This Major Research Instrumentation award permits Dr. Jonathan Cohen and four co-investigators to purchase a high-performance computing instrumentation (3,584 cores; 2TB/core; 100TB flash storage) to be used by faculty, postdocs, graduate students and undergraduates within the Princeton Neuroscience Institute (PNI). The instrumentation will allow the analysis of human brain imaging data at a speed and scale not previously possible.
The collaborating researchers are cognitive neuroscientists and computer scientists at Princeton with complementary expertise in human brain imaging and large scale computing. Two primary research objectives are proposed, building on recent progress in applying multivariate pattern analysis (MVPA) methods from machine learning to detect neural signals that correspond to internal mental states, such as perceptions, memories and intentions that are otherwise not accessible to direct observation. To date, use of MVPA has been restricted to the "offline" analyses" after data have been fully collected. However, a growing and powerful use of brain imaging is to give participants feedback about their brain states in real time, allowing them to use this information to better control brain function (e.g., providing feedback about pain areas as a way of learning to control chronic pain). Such real-time feedback methods could be greatly enhanced by adding MVPA. However, this has been computationally intractable until now. Objective 1 addresses this challenge, by inserting a high performance computing system into the brain scanning pipeline. This will be tested in an experiment that uses MVPA to detect patterns of brain activity associated with sustained attention, allowing us to provide real-time brain-based feedback to improve attentional abilities (with potential educational and health benefits).
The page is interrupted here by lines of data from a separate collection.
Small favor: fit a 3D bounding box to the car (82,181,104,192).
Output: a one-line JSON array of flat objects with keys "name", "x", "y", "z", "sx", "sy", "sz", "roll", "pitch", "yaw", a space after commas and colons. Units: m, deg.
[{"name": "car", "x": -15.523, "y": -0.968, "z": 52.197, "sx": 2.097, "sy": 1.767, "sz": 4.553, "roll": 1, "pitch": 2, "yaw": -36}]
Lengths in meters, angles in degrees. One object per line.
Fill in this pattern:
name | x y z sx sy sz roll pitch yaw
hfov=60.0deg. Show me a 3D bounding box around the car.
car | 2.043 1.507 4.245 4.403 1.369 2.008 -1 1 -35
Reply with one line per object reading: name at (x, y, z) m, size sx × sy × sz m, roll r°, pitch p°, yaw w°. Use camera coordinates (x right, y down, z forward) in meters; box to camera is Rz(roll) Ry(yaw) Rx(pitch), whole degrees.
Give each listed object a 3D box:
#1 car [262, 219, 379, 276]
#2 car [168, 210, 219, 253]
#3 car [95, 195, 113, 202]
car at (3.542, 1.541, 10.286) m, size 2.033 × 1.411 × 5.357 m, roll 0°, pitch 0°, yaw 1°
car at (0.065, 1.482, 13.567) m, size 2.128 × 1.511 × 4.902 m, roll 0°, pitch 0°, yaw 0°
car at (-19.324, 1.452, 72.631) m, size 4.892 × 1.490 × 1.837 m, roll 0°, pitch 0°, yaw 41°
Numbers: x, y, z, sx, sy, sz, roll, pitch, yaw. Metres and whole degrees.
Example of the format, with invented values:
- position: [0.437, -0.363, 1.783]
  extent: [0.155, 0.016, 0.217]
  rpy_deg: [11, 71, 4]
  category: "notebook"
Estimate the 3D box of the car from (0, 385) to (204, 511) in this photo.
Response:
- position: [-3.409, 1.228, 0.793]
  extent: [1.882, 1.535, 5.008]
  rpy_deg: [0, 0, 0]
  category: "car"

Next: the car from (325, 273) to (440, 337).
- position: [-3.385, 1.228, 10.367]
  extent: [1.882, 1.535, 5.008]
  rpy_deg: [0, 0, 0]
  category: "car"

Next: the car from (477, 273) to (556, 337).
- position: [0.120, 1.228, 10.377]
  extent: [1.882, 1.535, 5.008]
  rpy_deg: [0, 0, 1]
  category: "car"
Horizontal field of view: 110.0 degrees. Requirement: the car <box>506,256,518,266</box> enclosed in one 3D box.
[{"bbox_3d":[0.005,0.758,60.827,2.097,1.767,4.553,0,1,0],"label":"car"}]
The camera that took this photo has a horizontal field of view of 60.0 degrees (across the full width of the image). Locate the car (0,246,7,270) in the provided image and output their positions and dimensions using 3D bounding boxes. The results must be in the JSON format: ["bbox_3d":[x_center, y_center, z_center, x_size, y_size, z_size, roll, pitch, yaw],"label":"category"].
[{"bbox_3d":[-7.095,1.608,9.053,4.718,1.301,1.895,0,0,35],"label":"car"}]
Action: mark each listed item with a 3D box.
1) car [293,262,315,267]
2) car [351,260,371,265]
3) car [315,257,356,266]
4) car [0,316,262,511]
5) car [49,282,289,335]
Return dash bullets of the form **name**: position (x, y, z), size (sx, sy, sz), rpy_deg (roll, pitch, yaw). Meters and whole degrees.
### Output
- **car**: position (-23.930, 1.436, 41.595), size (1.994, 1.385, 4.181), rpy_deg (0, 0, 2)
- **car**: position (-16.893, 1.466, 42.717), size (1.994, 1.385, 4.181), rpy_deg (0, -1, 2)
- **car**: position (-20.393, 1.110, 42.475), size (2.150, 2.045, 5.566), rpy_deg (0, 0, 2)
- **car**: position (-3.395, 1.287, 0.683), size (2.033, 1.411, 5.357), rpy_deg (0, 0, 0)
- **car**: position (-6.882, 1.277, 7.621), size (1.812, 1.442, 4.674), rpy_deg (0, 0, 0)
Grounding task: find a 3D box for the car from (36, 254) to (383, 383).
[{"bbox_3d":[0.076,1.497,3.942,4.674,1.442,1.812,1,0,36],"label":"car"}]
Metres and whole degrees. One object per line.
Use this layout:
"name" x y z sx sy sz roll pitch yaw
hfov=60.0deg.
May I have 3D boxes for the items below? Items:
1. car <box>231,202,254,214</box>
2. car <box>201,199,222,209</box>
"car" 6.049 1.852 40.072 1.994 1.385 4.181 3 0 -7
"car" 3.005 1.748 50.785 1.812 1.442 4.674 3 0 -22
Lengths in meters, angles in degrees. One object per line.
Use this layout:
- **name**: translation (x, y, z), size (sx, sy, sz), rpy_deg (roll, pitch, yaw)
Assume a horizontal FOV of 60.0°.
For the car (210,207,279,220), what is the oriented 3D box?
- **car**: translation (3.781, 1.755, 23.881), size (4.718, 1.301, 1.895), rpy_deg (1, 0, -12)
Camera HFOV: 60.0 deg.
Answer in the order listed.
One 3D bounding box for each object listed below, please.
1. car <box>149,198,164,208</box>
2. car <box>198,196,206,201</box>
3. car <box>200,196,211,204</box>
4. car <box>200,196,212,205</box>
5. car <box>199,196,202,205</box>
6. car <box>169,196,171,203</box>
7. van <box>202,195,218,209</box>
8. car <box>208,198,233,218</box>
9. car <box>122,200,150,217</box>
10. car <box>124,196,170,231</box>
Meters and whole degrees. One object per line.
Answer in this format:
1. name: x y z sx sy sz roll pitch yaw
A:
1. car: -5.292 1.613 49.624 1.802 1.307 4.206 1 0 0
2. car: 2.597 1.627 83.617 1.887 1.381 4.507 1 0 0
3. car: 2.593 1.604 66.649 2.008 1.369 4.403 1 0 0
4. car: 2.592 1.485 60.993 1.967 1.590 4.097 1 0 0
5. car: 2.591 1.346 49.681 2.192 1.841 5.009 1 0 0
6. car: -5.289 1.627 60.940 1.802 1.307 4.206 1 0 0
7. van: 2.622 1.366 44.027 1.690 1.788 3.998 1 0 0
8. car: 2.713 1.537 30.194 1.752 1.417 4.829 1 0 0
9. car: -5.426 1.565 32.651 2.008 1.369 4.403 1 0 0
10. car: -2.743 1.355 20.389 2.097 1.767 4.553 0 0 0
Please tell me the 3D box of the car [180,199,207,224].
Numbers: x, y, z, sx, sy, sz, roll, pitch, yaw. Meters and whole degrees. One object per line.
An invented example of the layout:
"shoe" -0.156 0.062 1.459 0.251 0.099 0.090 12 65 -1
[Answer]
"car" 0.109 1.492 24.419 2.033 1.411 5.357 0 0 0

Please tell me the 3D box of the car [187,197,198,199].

Objective 2 focuses on another major advance in brain imaging, in which correlations between areas of activity are analyzed, rather than areas of activity in isolation of one another. Such correlations - often referred to as "functional connectivity" - are likely to reveal more about how the brain actually functions, by providing critical information about the interactions between areas. At present, virtually all approaches to functional connectivity focus on the correlations among a limited set of brain areas of interest. However, a more powerful approach would be to examine the correlation of every area with all others. This requires computing the whole-brain correlation matrix. The analysis of such high dimensional data would be further enhanced by applying MVPA to patterns of correlation. However, doing this further increases computational demands. Applying this approach to a routine brain imaging dataset, using currently available instrumentation, would take 880 years to complete. The work under Objective 2 addresses this challenge, by coupling massively parallel computing with sophisticated software optimizations. Doing so can bring previously intractable problems into the range of practicality. These methods will be tested in an experiment that seeks to identify neural representations of intentions, and their influence on brain mechanisms responsible for executing these intentions.